Featured Function Operation

handwriting recognition
RolmOCR recognizes handwriting. For example, a note that says "Deepseek Coder" is accurately output without being mistaken for "OCLM". After uploading the image, the results are sorted in natural order.
Skewed Document Processing
The training data 15% is rotated so that it is more adaptive to skewed documents. For example, a skewed scan, the text is still extracted correctly.
Low memory operation
No dependency on metadata, shorter hint lengths, and less graphics memory (VRAM) used for processing. Suitable for computers with lower configurations.

caveat

service interruption: Do not close the command line window after starting the service or the API will stop.
lack of memory: If your computer does not have enough memory, you can adjust the vLLM parameter, such as per_device_train_batch_size, reducing resource requirements.
limitations: RolmOCR may miss small text with low contrast or incomplete recognition of complex tables without metadata. It is recommended to optimize the image quality and try again.
Layout boxes are not supported: Unlike Reducto's commercial API, RolmOCR cannot output bounding boxes for text.
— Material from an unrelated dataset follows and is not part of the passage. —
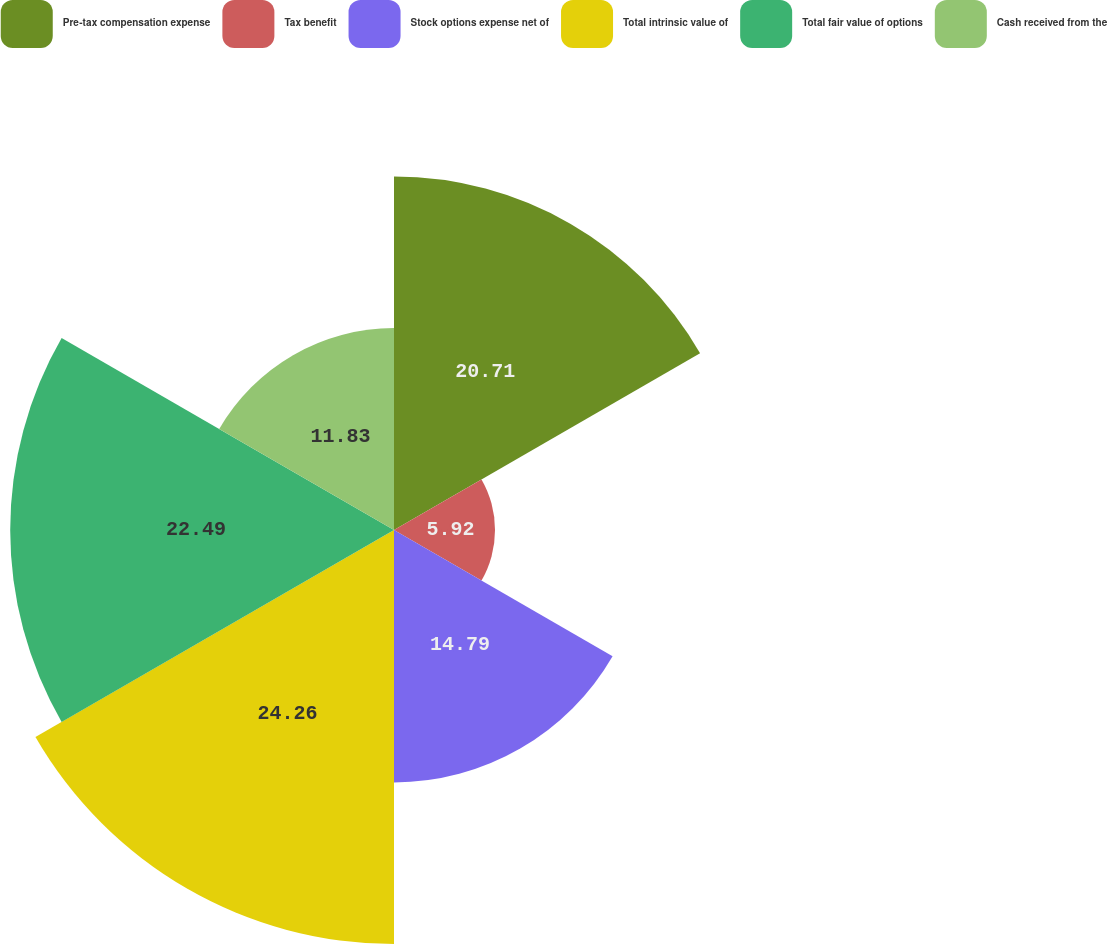Convert chart to OTSL. <chart><loc_0><loc_0><loc_500><loc_500><pie_chart><fcel>Pre-tax compensation expense<fcel>Tax benefit<fcel>Stock options expense net of<fcel>Total intrinsic value of<fcel>Total fair value of options<fcel>Cash received from the<nl><fcel>20.71%<fcel>5.92%<fcel>14.79%<fcel>24.26%<fcel>22.49%<fcel>11.83%<nl></chart>

With these steps, users can easily install and use RolmOCR to extract text from documents quickly.

application scenario

academic research
Students and researchers can use RolmOCR to scan handwritten notes or older documents into electronic text for easy organization and searching.
Enterprise Document Processing
Companies can use it to extract text from contracts and envelopes, enter it into the system, and reduce manual work.
Multi-language support
Handle mixed documents in English and Chinese or handwritten letters in French, extracting information quickly and suitable for cross-border communication.

QA

What is the difference between RolmOCR and olmOCR?
RolmOCR is based on the updated Qwen2.5-VL-7B model, which is faster, has a lower memory footprint, uses no metadata, and is morerobust for skewed documents.
Can it be used offline?
Can. Just download the model and start the local service, no internet connection required.
Does it support form recognition?
Supported, but may miss parts of complex tables without metadata, such as subheadings in academic papers.